Forget “Soccer moms,” “NASCAR dads,” and “value voters,” the operative bloc in the midterms were the “comedic constituents.” Stephen Colbert was right to proudly proclaim that every Congressional candidate who appeared on his show “Democrat or Republican, incumbent or challenger” had been elected. The power of the laugh should not be misunderestimated.
Richard Nixon’s appearance on Rowan and Martin’s Laugh In was the first time major televised comedy was used for political PR and was ultimately as important to his career as the Checkers speech. But the world changed with the Ray-Banned Bill Clinton on Arsenio. The image created the new notion of President as Celebrity-in-Chief.
Clinton’s entertainment connections projected an image of Presidential glamour the country had not seen since Kennedy’s Camelot. His prime time embrace of Aretha Franklin was seen as an act of R.E.S.P.E.C.T. to the African American community as whole, a bump they also got amongst the Jewish population from the first family’s relationship with Barbara Streisand — whose social relevance was in no small part rescued by Michael Myers’ “Coffee Talk” bits on Saturday Night Live.
It was in direct contrast to this that Clinton made the post-prime-time slot a necessary club in the campaign bag. Late Night and The Tonight Show were used to show that candidates had the levitas necessary for high office. “Boxers or briefs?,” a question for Clinton from an MTv candidate forum, is now shorthand for the contentless fluff needed to by to connect with “real people” who cynically distrust anyone with ideas, much less an agenda.
This was the period where the comedic landscape was dominated by Seinfeld. he show was not about nothing; its appeal was its narcissism, its ability to take trivialities, and by embedding them in the intricacies of lived lives, pretend that they were tragedies. To have involved the characters in authentic conflict would have been to kill the schtick — there was never and could never have been “a very special episode of Seinfeld.” It had to be axiomatic that the upper middle-class lifestyle of Jerry, Elaine, George, and Kramer was never in danger, regardless of whether one got served by the Soup Nazi, could dispose of muffin stumps, or celebrated Festivus.
And so it was with us. There were no real threats to our peace and prosperity.
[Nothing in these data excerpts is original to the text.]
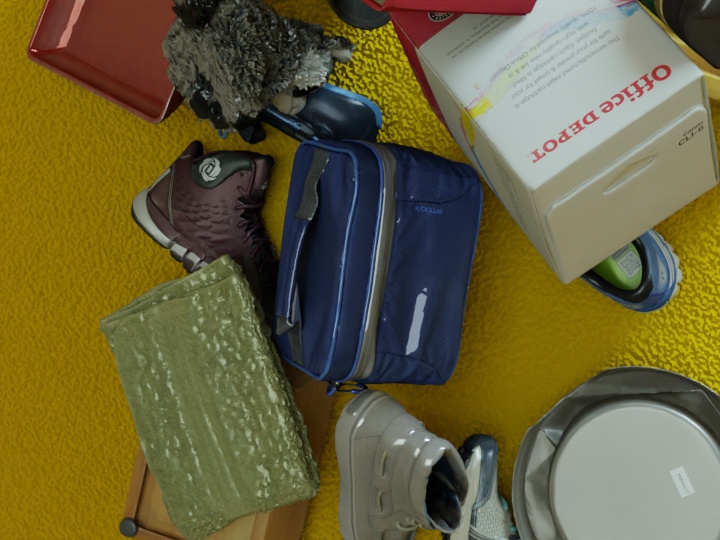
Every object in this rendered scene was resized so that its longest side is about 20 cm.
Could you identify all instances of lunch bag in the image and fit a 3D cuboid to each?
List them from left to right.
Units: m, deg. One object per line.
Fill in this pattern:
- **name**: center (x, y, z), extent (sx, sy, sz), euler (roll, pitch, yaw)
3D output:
- **lunch bag**: center (0.000, 0.000, 1.232), extent (0.131, 0.136, 0.203), euler (6, 96, -24)

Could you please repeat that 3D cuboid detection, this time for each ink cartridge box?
- **ink cartridge box**: center (0.142, -0.125, 1.147), extent (0.144, 0.145, 0.201), euler (-33, 57, -1)

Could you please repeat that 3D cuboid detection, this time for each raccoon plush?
- **raccoon plush**: center (-0.068, -0.194, 1.182), extent (0.097, 0.133, 0.201), euler (39, 147, 26)

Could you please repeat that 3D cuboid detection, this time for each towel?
- **towel**: center (-0.118, 0.102, 1.256), extent (0.147, 0.036, 0.202), euler (-23, 86, 26)

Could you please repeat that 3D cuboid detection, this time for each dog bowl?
- **dog bowl**: center (0.220, 0.171, 1.243), extent (0.197, 0.059, 0.203), euler (1, 95, 16)

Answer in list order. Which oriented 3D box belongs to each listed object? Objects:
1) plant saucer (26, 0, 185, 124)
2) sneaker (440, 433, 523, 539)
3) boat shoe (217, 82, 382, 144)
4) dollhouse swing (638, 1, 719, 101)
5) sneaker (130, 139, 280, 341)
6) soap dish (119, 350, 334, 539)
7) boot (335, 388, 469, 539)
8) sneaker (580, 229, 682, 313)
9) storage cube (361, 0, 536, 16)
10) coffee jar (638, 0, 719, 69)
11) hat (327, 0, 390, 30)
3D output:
- **plant saucer**: center (-0.174, -0.236, 1.300), extent (0.199, 0.037, 0.202), euler (28, 98, 41)
- **sneaker**: center (0.108, 0.231, 1.285), extent (0.085, 0.078, 0.203), euler (2, 98, -2)
- **boat shoe**: center (-0.083, -0.135, 1.296), extent (0.198, 0.084, 0.069), euler (20, 90, 16)
- **dollhouse swing**: center (0.290, -0.216, 1.133), extent (0.180, 0.176, 0.202), euler (22, 101, 13)
- **sneaker**: center (-0.090, -0.032, 1.313), extent (0.200, 0.076, 0.116), euler (41, 100, 10)
- **soap dish**: center (-0.115, 0.154, 1.329), extent (0.156, 0.081, 0.203), euler (16, 100, 15)
- **boot**: center (0.036, 0.183, 1.235), extent (0.095, 0.201, 0.073), euler (32, 61, 32)
- **sneaker**: center (0.166, -0.050, 1.225), extent (0.200, 0.089, 0.079), euler (45, 104, 13)
- **storage cube**: center (0.039, -0.281, 1.034), extent (0.170, 0.179, 0.202), euler (37, 117, 28)
- **coffee jar**: center (0.223, -0.220, 1.108), extent (0.086, 0.104, 0.201), euler (-50, 42, 16)
- **hat**: center (-0.041, -0.267, 1.216), extent (0.080, 0.200, 0.203), euler (-12, 91, 22)
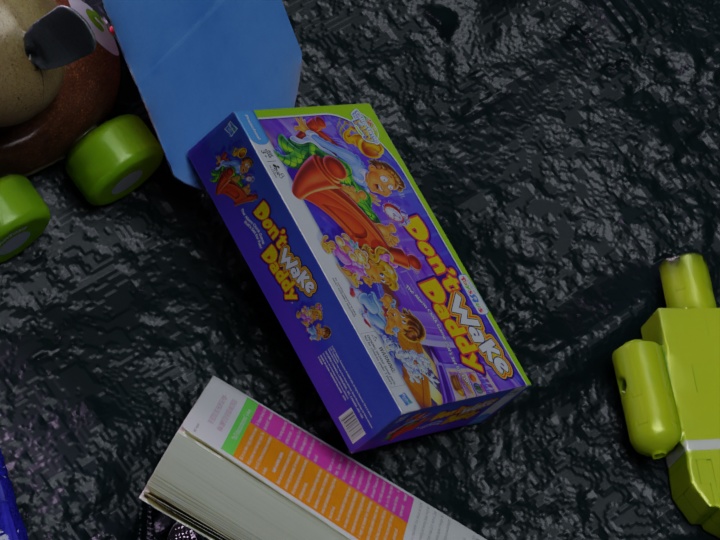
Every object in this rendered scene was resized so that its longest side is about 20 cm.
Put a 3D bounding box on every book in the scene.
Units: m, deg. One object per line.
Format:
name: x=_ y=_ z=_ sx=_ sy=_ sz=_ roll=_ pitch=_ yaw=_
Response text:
book: x=-0.012 y=0.135 z=1.532 sx=0.199 sy=0.048 sz=0.134 roll=31 pitch=17 yaw=-1

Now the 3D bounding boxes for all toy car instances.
toy car: x=-0.192 y=-0.129 z=1.550 sx=0.157 sy=0.200 sz=0.165 roll=-30 pitch=77 yaw=-28

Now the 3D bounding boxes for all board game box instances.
board game box: x=0.000 y=0.000 z=1.606 sx=0.134 sy=0.045 sz=0.201 roll=-9 pitch=65 yaw=-54
board game box: x=-0.106 y=-0.144 z=1.624 sx=0.158 sy=0.039 sz=0.201 roll=-51 pitch=128 yaw=-46

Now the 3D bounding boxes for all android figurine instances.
android figurine: x=0.240 y=0.083 z=1.682 sx=0.181 sy=0.041 sz=0.201 roll=1 pitch=63 yaw=-18

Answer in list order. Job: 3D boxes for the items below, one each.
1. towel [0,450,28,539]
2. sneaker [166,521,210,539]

Congress could shut down the government and, like George losing his job, nothing changed. It didn’t matter if the President was trying to put gays in the military like a liberal or declaring the end of the era of big government like a conservative. A semen stain on a blue dress could be elevated to the level of a constitutional crisis because we had the luxury of thinking that the most imperative issue confronting us was whether the Commander-in-Chief was master of his domain.
The comedy was sarcastic in its smugness. The worries of post-modern life were mere social constructions. Political theater was “a tale told by an idiot, full of sound and fury, signifying nothing.” Existential crises were, like, so 1960s. And thus turn out for elections, especially among younger voters, approached historic lows.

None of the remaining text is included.